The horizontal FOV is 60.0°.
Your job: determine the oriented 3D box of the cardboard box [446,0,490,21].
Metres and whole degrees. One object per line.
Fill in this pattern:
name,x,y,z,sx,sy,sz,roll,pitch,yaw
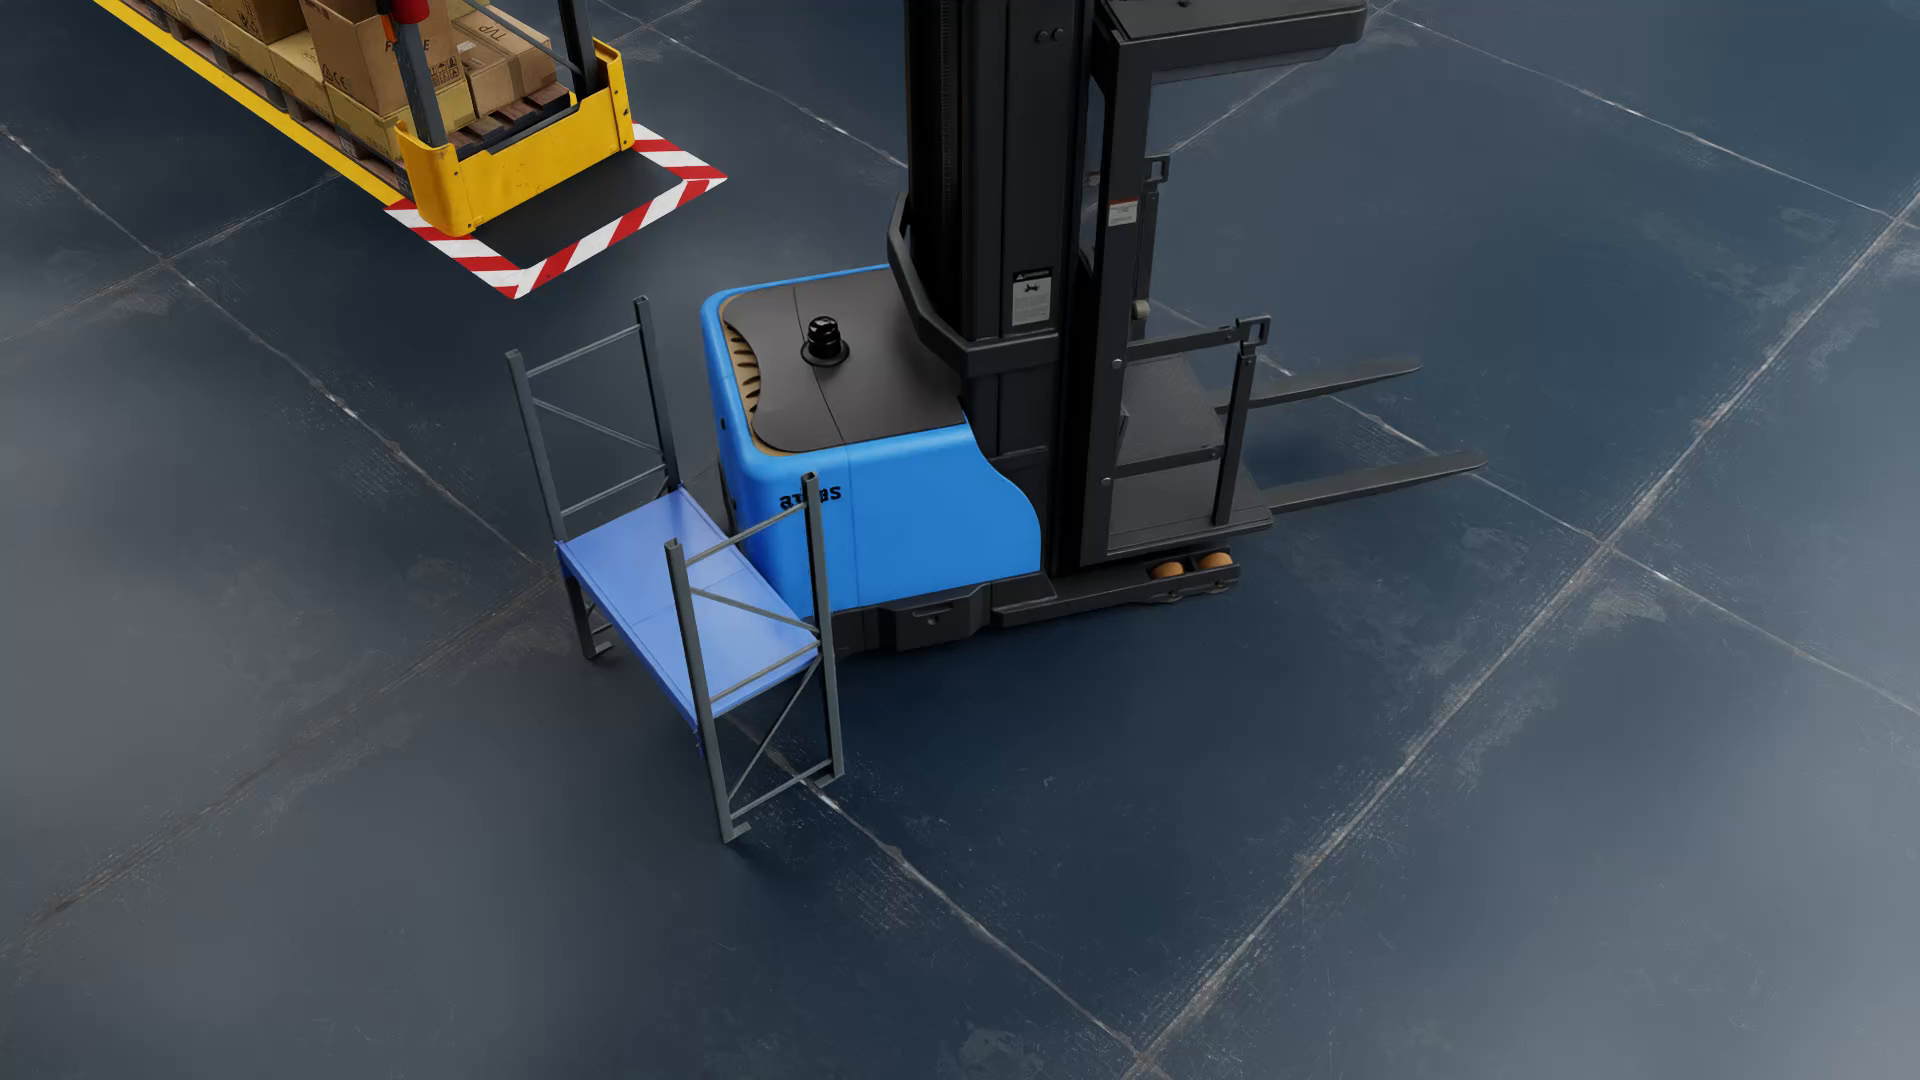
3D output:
cardboard box,-2.828,-2.988,8.582,0.500,0.500,0.500,34,55,28

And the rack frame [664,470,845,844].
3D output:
rack frame,-0.625,0.424,5.323,0.500,1.500,0.032,-28,53,-24

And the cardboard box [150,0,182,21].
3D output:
cardboard box,-4.292,-3.187,9.283,0.500,0.250,0.500,34,55,28

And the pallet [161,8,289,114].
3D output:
pallet,-3.698,-2.903,9.331,1.213,0.211,1.003,34,55,28

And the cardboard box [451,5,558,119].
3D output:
cardboard box,-2.459,-2.485,8.624,0.500,0.250,0.500,34,55,28

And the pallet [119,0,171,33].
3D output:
pallet,-4.599,-3.506,9.897,1.213,0.211,1.003,34,55,28

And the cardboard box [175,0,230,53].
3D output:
cardboard box,-3.921,-2.943,9.054,0.500,0.250,0.500,34,55,28

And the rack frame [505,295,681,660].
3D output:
rack frame,-1.226,-0.174,5.884,0.500,1.500,0.032,-28,53,-24

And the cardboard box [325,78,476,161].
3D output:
cardboard box,-2.810,-2.208,8.363,0.500,0.250,0.500,34,55,28

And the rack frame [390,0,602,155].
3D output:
rack frame,-2.216,-2.898,7.414,0.127,3.000,1.000,34,55,28

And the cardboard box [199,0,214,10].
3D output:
cardboard box,-3.923,-3.198,8.779,0.500,0.500,0.500,34,55,28

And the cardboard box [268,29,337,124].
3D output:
cardboard box,-3.186,-2.449,8.589,0.500,0.250,0.500,34,55,28

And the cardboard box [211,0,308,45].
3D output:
cardboard box,-3.556,-2.950,8.546,0.500,0.500,0.500,34,55,28

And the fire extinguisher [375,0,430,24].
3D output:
fire extinguisher,-2.444,-2.565,7.153,0.183,0.674,0.296,34,55,28

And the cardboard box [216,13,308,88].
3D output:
cardboard box,-3.554,-2.695,8.821,0.500,0.250,0.500,34,55,28

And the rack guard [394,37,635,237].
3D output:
rack guard,-2.198,-2.031,8.314,0.348,0.500,1.175,34,55,28

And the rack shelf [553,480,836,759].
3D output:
rack shelf,-0.926,0.248,5.735,0.538,0.185,1.000,-28,53,-24

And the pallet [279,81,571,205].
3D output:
pallet,-2.806,-2.300,8.764,1.213,0.211,1.003,34,55,28

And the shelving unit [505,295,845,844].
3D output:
shelving unit,-0.926,0.125,5.604,0.538,1.500,1.048,-28,53,-24

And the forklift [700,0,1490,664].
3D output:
forklift,0.603,-1.120,5.791,3.031,2.935,1.130,-11,48,-10

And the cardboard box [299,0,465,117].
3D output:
cardboard box,-2.812,-2.463,8.089,0.500,0.500,0.500,34,55,28

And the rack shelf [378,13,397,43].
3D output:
rack shelf,-3.685,-3.641,8.604,4.000,0.370,1.077,34,55,28

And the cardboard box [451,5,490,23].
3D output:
cardboard box,-2.829,-2.730,8.854,0.500,0.250,0.500,34,55,28

++++++

WHAT TO PRODUCE >>
Print, from the entries above, the line with "And the cardboard box [150,0,182,21].", the line with "And the cardboard box [451,5,558,119]." and all lines between them, exactly and with nothing else.

EXERCISE ANSWER >>
And the cardboard box [150,0,182,21].
3D output:
cardboard box,-4.292,-3.187,9.283,0.500,0.250,0.500,34,55,28

And the pallet [161,8,289,114].
3D output:
pallet,-3.698,-2.903,9.331,1.213,0.211,1.003,34,55,28

And the cardboard box [451,5,558,119].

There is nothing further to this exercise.